The team, led by Chen Chen-hui (陳振輝), assistant research fellow at the academy's Institute of Cellular and Organismic Biology, held a press conference on Monday to explain their findings.

To conduct its research, Chen's team used a custom-made computer tagging system to color, and then track, individual cells on zebrafish larvae as they developed.

In order to do so, the researchers had to catch and anaesthetize the 0.5-centimeter fish every 12 hours, and then photograph them under a high-powered microscope.

They discovered that during a specific stage in the fishes' growth, some of the outer layers of their skin cells underwent up to two rounds of cell division (one cell becoming four cells) by splitting, rather than duplicating, their DNA.

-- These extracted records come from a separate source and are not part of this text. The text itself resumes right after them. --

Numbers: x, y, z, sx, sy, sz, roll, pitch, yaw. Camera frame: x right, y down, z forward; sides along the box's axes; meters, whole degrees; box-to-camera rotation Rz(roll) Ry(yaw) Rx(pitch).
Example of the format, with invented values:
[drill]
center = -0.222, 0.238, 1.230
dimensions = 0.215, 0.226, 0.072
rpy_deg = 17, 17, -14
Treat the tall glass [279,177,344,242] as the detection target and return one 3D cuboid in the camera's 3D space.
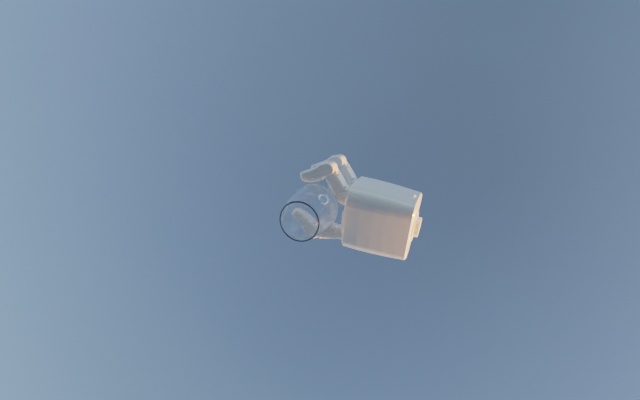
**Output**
[tall glass]
center = 0.000, 0.002, 0.774
dimensions = 0.079, 0.079, 0.201
rpy_deg = 0, 16, 19
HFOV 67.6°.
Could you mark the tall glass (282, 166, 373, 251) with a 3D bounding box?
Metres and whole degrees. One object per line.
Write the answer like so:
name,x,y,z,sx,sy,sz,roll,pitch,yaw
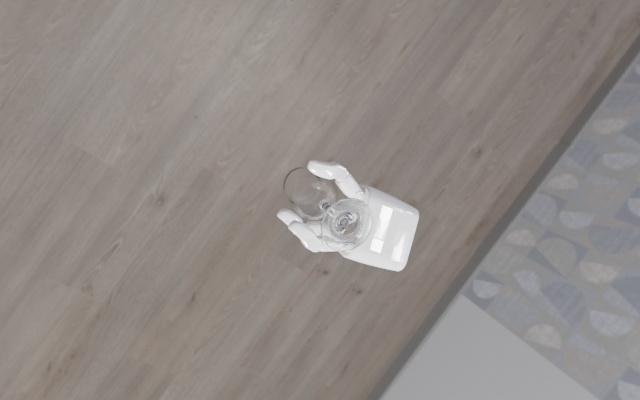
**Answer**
tall glass,0.000,0.002,0.712,0.079,0.079,0.201,0,18,-22
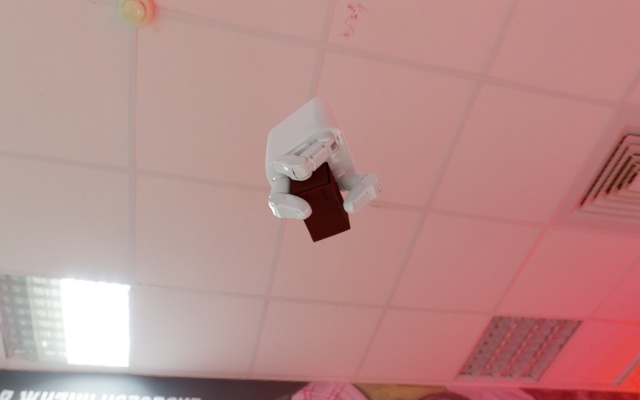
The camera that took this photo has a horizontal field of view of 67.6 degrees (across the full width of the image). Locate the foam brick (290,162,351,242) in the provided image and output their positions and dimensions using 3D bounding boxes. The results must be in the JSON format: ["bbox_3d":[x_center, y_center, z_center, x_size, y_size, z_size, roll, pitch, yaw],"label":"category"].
[{"bbox_3d":[0.000,0.002,0.599,0.053,0.078,0.051,-18,34,7],"label":"foam brick"}]
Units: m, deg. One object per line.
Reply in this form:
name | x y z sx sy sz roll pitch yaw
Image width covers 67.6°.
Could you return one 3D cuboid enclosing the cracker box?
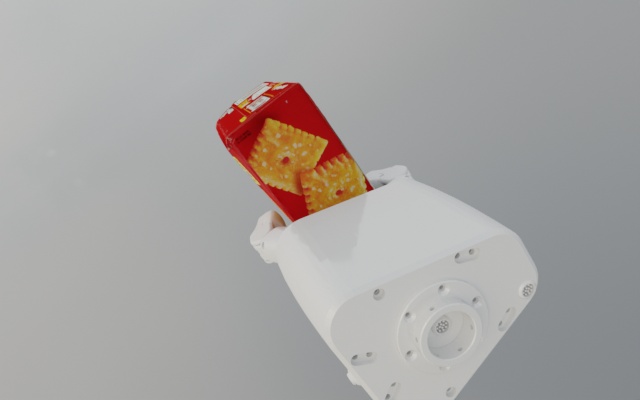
cracker box | 0.000 0.001 0.422 0.072 0.214 0.164 -38 20 -3
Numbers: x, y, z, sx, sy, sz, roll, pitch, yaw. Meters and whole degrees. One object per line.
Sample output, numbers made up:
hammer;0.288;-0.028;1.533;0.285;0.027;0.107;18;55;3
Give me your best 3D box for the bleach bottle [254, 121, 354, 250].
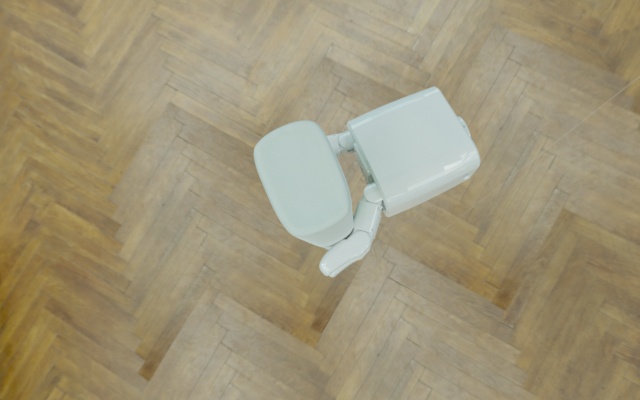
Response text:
bleach bottle;0.000;0.002;0.522;0.068;0.102;0.251;-23;-11;3
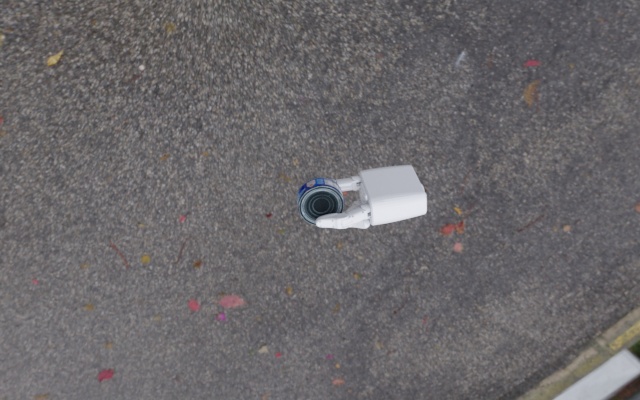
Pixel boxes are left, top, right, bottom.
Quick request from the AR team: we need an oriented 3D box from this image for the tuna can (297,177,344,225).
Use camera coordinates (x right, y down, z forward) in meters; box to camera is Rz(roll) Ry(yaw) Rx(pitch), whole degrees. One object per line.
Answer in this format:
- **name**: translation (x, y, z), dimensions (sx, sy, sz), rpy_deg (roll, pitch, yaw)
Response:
- **tuna can**: translation (0.000, 0.003, 0.869), dimensions (0.086, 0.086, 0.033), rpy_deg (0, 29, -7)
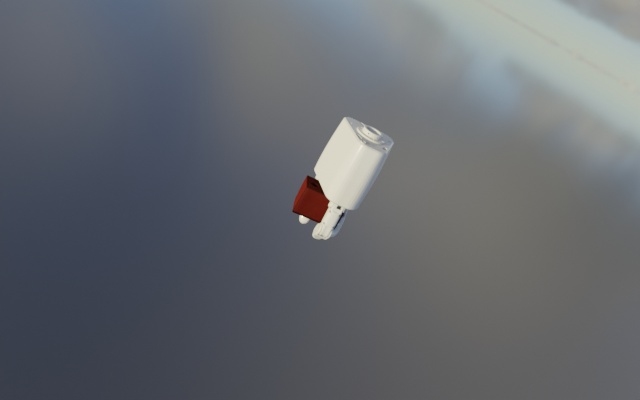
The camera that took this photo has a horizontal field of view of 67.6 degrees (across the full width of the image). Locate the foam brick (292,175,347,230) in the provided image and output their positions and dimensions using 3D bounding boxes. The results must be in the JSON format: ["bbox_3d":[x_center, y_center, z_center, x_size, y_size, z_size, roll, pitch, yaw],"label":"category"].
[{"bbox_3d":[0.000,0.003,0.790,0.078,0.051,0.053,23,24,-11],"label":"foam brick"}]
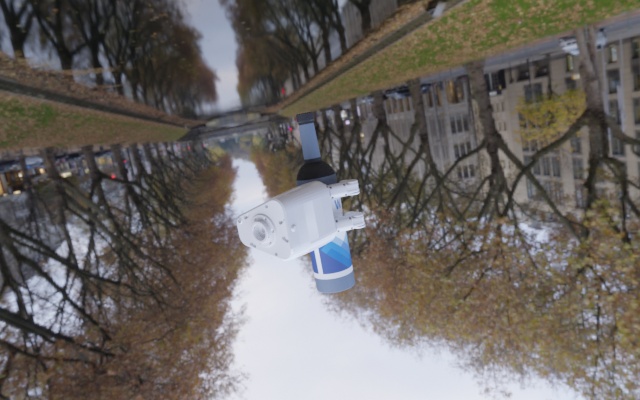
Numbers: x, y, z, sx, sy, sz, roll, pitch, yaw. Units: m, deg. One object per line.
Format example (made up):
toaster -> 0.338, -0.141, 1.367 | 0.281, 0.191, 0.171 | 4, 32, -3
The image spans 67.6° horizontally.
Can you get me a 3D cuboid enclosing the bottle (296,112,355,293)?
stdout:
bottle -> 0.000, 0.003, 0.791 | 0.069, 0.296, 0.069 | -10, 9, 2
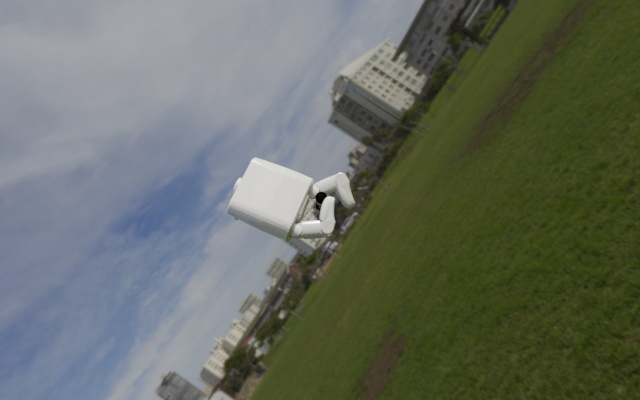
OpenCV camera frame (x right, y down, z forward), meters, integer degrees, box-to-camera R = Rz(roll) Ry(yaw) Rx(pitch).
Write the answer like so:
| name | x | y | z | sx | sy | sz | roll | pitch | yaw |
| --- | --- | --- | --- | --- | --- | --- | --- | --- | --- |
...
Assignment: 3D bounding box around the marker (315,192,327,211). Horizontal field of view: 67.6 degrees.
| name | x | y | z | sx | sy | sz | roll | pitch | yaw |
| --- | --- | --- | --- | --- | --- | --- | --- | --- | --- |
| marker | 0.000 | 0.003 | 0.811 | 0.020 | 0.020 | 0.121 | 0 | -8 | -1 |
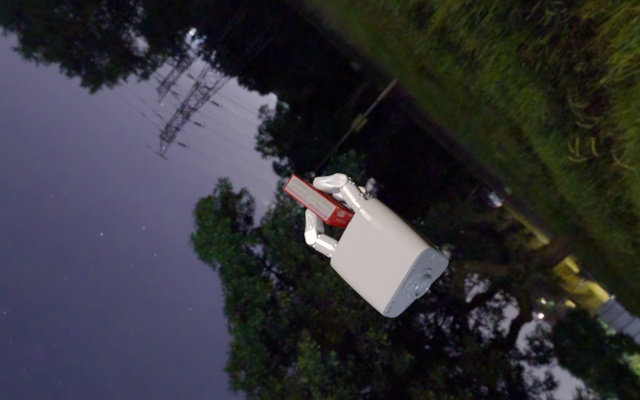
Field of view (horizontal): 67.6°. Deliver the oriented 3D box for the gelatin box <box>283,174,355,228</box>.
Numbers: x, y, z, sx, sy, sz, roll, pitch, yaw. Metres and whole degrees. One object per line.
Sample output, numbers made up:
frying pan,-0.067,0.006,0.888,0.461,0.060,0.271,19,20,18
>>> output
gelatin box,0.000,0.002,0.684,0.089,0.030,0.073,36,6,24
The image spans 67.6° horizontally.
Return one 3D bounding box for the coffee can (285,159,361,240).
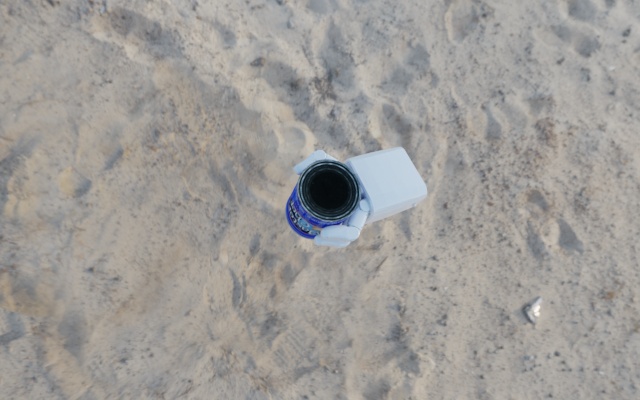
[{"bbox_3d":[0.000,0.003,0.804,0.103,0.102,0.140,0,-16,-12],"label":"coffee can"}]
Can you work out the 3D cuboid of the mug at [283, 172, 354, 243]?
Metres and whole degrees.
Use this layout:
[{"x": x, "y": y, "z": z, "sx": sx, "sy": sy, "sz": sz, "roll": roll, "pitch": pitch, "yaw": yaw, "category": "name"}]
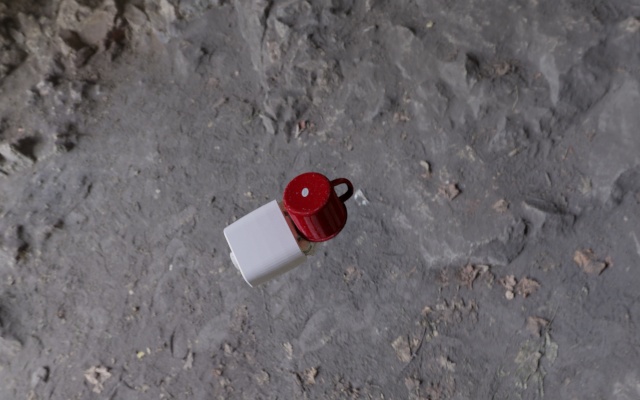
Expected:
[{"x": 0.001, "y": 0.002, "z": 0.766, "sx": 0.117, "sy": 0.093, "sz": 0.081, "roll": -28, "pitch": -36, "yaw": -1, "category": "mug"}]
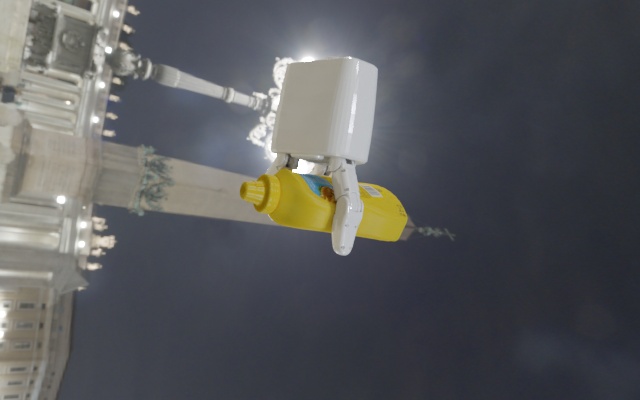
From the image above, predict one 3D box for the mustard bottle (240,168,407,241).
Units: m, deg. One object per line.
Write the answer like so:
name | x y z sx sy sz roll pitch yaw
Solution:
mustard bottle | 0.000 0.002 0.537 0.191 0.058 0.096 10 23 -34
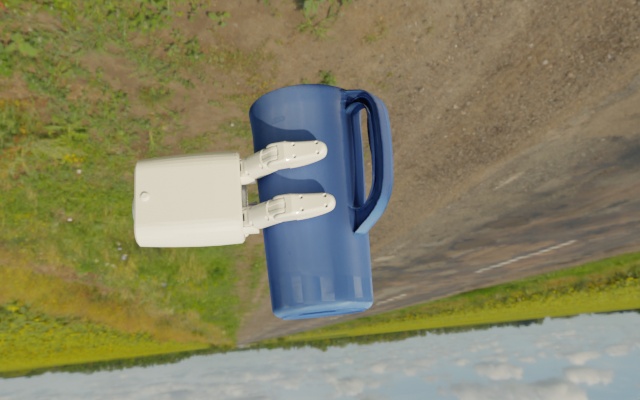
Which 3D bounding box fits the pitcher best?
[{"bbox_3d":[0.000,0.002,0.528,0.145,0.242,0.149,-4,-16,-7],"label":"pitcher"}]
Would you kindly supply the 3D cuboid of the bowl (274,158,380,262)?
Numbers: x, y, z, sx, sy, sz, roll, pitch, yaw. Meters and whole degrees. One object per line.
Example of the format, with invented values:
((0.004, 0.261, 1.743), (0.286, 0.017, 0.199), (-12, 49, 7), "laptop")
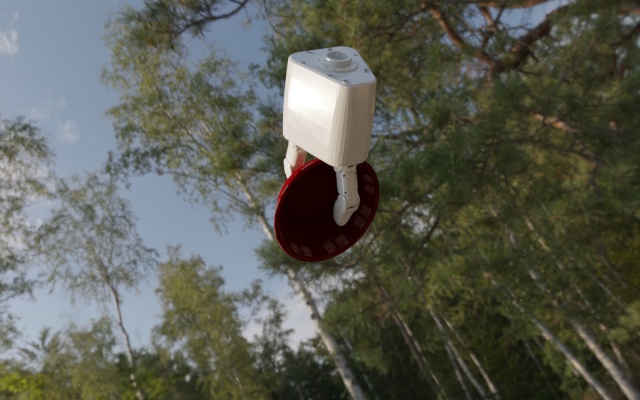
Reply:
((0.000, 0.003, 0.653), (0.162, 0.162, 0.055), (0, 26, -33), "bowl")
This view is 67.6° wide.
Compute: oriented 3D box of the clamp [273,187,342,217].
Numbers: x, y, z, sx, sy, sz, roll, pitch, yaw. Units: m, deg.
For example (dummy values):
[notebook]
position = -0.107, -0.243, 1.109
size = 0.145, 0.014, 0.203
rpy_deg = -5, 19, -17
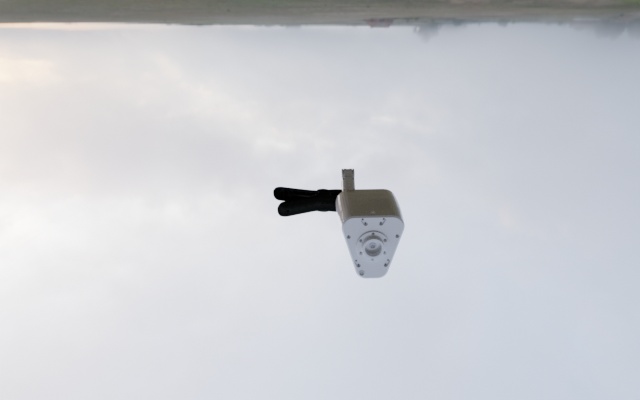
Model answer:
[clamp]
position = 0.000, 0.003, 0.818
size = 0.171, 0.039, 0.120
rpy_deg = 0, 22, 0
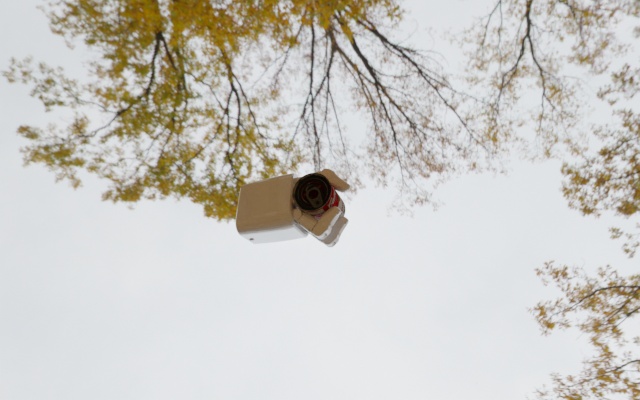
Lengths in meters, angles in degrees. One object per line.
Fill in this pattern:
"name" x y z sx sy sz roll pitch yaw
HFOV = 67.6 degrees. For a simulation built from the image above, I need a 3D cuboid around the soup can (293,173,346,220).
"soup can" 0.001 0.003 0.833 0.068 0.068 0.102 0 -20 18
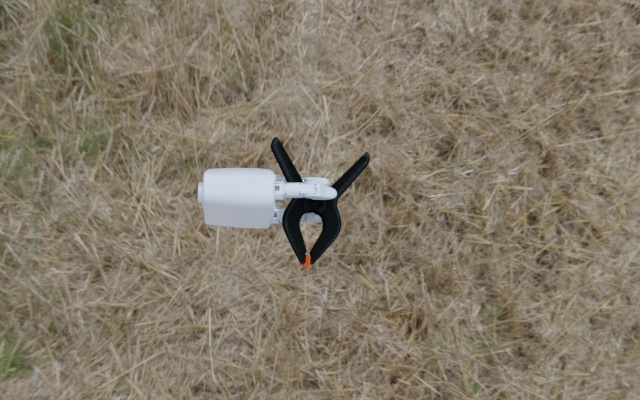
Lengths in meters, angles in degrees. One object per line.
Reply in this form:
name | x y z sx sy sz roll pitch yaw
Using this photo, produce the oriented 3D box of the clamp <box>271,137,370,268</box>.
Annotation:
clamp | 0.000 0.003 0.769 0.164 0.210 0.036 1 -10 -7
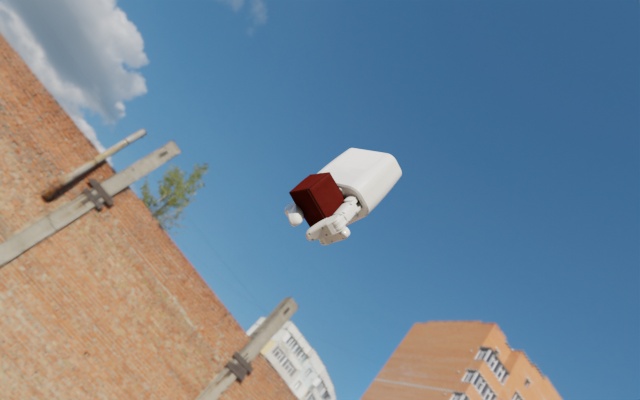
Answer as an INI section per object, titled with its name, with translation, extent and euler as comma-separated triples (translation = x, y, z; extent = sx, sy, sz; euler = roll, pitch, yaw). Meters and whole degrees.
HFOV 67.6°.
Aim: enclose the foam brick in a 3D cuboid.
[foam brick]
translation = 0.000, 0.002, 0.732
extent = 0.051, 0.078, 0.053
euler = -43, 23, -31
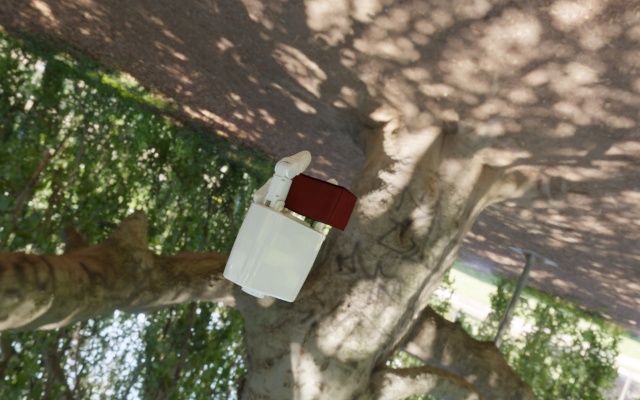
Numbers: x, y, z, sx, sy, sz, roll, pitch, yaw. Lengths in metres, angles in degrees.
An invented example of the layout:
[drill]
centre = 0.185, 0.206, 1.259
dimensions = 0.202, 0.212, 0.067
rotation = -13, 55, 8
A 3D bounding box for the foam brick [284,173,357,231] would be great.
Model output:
[foam brick]
centre = 0.000, 0.002, 0.643
dimensions = 0.078, 0.051, 0.053
rotation = 19, -7, 31
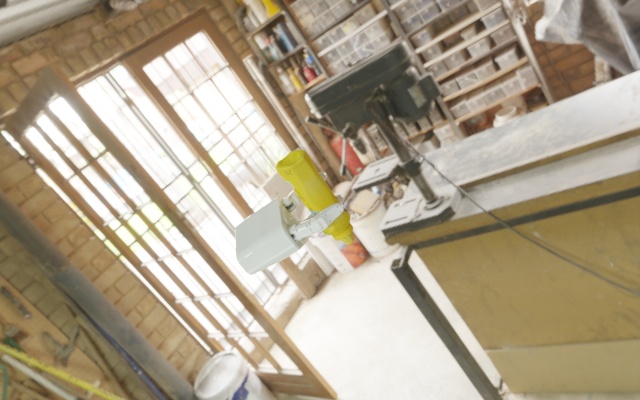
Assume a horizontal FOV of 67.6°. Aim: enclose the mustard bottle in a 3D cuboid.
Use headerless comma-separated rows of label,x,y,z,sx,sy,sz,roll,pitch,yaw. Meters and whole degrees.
mustard bottle,0.000,0.002,0.836,0.058,0.192,0.096,-39,19,-10
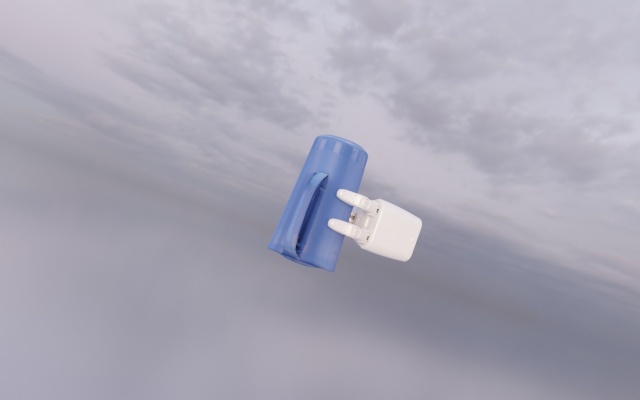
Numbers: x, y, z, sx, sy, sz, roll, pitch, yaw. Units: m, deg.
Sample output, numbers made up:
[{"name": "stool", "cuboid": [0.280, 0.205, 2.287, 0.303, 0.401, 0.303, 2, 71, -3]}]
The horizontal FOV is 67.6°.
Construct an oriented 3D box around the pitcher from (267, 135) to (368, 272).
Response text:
[{"name": "pitcher", "cuboid": [0.000, 0.003, 0.891, 0.145, 0.243, 0.149, 23, -6, -28]}]

The team believes this phenomenon, called asynthetic fission, is a temporary measure used to expand the coverage of epithelial cells, or outer skin cells, during a period of rapid growth, Chen said.

According to a video produced by Nature, the process happens so quickly that cells even appeared to make "mistakes," such as not cleanly separating the DNA between the new cells.

Within a few weeks, however, the zebrafish had gotten rid of the unusual cells and replaced them with regular cells containing normal amounts of DNA, the video noted.

While Chen's team said they were still in the early stages of understanding the process, they speculated that this mode of cell proliferation could occur in contexts other than zebrafish skin expansion.

The team's article, titled "Skin cells undergo asynthetic fission to expand body surfaces in zebrafish," was published in Nature on April 27.

The journal's video on the research, "A new kind of cell division," was released on Sunday.